== TASK STATEMENT ==
With "fill" as the search word, show every line of the material that has it.
◇ ◇ ◇ ◇ ◇ ◇ ◇
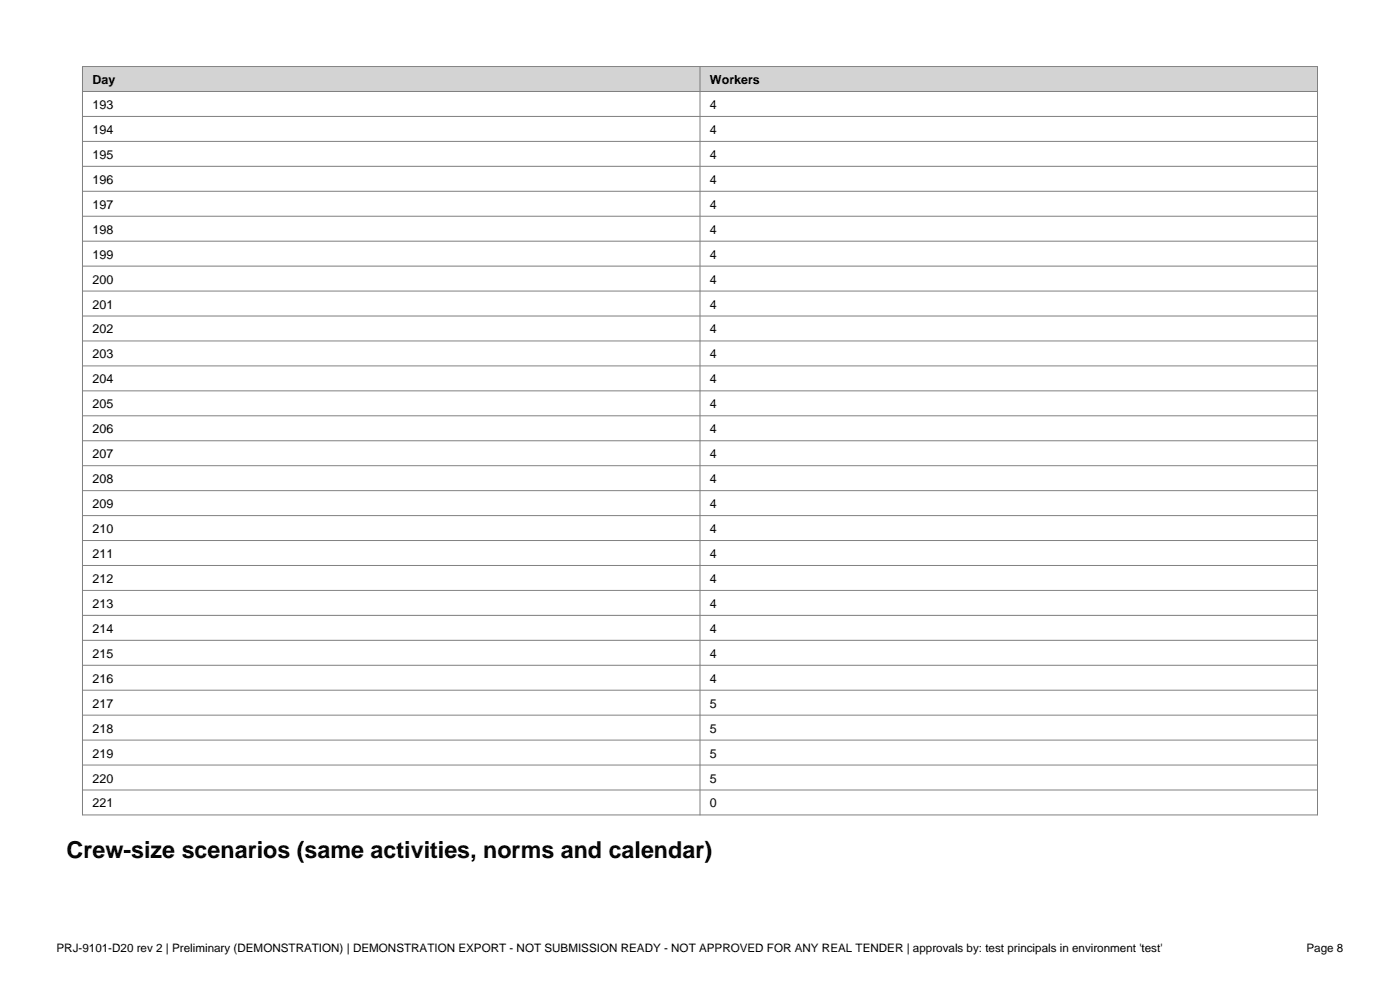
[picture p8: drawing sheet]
<svg xmlns="http://www.w3.org/2000/svg" width="297mm" height="210mm" viewBox="0 0 297 210" stroke-linecap="round" stroke-linejoin="round" font-family="sans-serif">
<defs><g id="words">
<text font-size="4.9" x="14.1" y="182">Crew-size scenarios (same activities, norms and calendar)</text>
<g font-size="2.6">
<text x="19.6" y="17.8">Day</text>
<text x="150.6" y="17.8">Workers</text>
<text x="19.6" y="23.1">193</text>
<text x="150.6" y="23.1">4</text>
<text x="19.6" y="28.4">194</text>
<text x="150.6" y="28.4">4</text>
<text x="19.6" y="33.7">195</text>
<text x="150.6" y="33.7">4</text>
<text x="19.6" y="39">196</text>
<text x="150.6" y="39">4</text>
<text x="19.6" y="44.3">197</text>
<text x="150.6" y="44.3">4</text>
<text x="19.6" y="49.6">198</text>
<text x="150.6" y="49.6">4</text>
<text x="19.6" y="54.9">199</text>
<text x="150.6" y="54.9">4</text>
<text x="19.6" y="60.2">200</text>
<text x="19.6" y="65.4">201</text>
<text x="150.6" y="60.2">4</text>
<text x="150.6" y="65.4">4</text>
<text x="19.6" y="70.7">202</text>
<text x="150.6" y="70.7">4</text>
<text x="19.6" y="76">203</text>
<text x="150.6" y="76">4</text>
<text x="19.6" y="81.3">204</text>
<text x="150.6" y="81.3">4</text>
<text x="19.6" y="86.6">205</text>
<text x="150.6" y="86.6">4</text>
<text x="19.6" y="91.9">206</text>
<text x="150.6" y="91.9">4</text>
<text x="19.6" y="97.2">207</text>
<text x="150.6" y="97.2">4</text>
<text x="19.6" y="102.5">208</text>
<text x="19.6" y="107.8">209</text>
<text x="150.6" y="102.5">4</text>
<text x="150.6" y="107.8">4</text>
<text x="19.6" y="113.1">210</text>
<text x="150.6" y="113.1">4</text>
<text x="19.6" y="118.4">211</text>
<text x="150.6" y="118.4">4</text>
<text x="19.6" y="123.7">212</text>
<text x="150.6" y="123.7">4</text>
<text x="19.6" y="128.9">213</text>
<text x="150.6" y="128.9">4</text>
<text x="19.6" y="134.2">214</text>
<text x="150.6" y="134.2">4</text>
<text x="19.6" y="139.5">215</text>
<text x="150.6" y="139.5">4</text>
<text x="19.6" y="144.8">216</text>
<text x="150.6" y="144.8">4</text>
<text x="19.6" y="150.1">217</text>
<text x="19.6" y="155.4">218</text>
<text x="150.6" y="150.1">5</text>
<text x="150.6" y="155.4">5</text>
<text x="19.6" y="160.7">219</text>
<text x="150.6" y="160.7">5</text>
<text x="19.6" y="166">220</text>
<text x="150.6" y="166">5</text>
<text x="19.6" y="171.3">221</text>
<text x="150.6" y="171.3">0</text>
</g>
<g font-size="2.5">
<text x="12" y="202">PRJ-9101-D20 rev 2 | Preliminary (DEMONSTRATION) | DEMONSTRATION EXPORT - NOT SUBMISSION READY - NOT APPROVED FOR ANY REAL TENDER | approvals by: test principals in environment 'test'</text>
<text x="277.2" y="202">Page 8</text>
</g>
</g></defs>
<path d="M17.5 14.1h262v5.3h-262z" fill-rule="evenodd" fill="#d3d3d3"/>
<g fill="none" stroke="#808080" stroke-width=".21">
<path d="M17.5 14.1h262v158.8h-262zM17.5 19.4h262M148.5 14.1v158.8M17.5 24.7h262M17.5 30h262M17.5 35.3h262M17.5 40.6h262M17.5 45.9h262M17.5 51.2h262M17.5 56.5h262M17.5 61.7h262M17.5 67h262"/>
<path d="M17.5 72.3h262M17.5 77.6h262M17.5 82.9h262M17.5 88.2h262M17.5 93.5h262M17.5 98.8h262M17.5 104.1h262M17.5 109.4h262M17.5 114.7h262M17.5 120h262M17.5 125.2h262M17.5 130.5h262"/>
<path d="M17.5 135.8h262M17.5 141.1h262M17.5 146.4h262M17.5 151.7h262M17.5 157h262M17.5 162.3h262M17.5 167.6h262"/>
</g>
<use href="#words"/>
</svg>
◇ ◇ ◇ ◇ ◇ ◇ ◇
== RESULT ==
<path d="M17.5 14.1h262v5.3h-262z" fill-rule="evenodd" fill="#d3d3d3"/>
<g fill="none" stroke="#808080" stroke-width=".21">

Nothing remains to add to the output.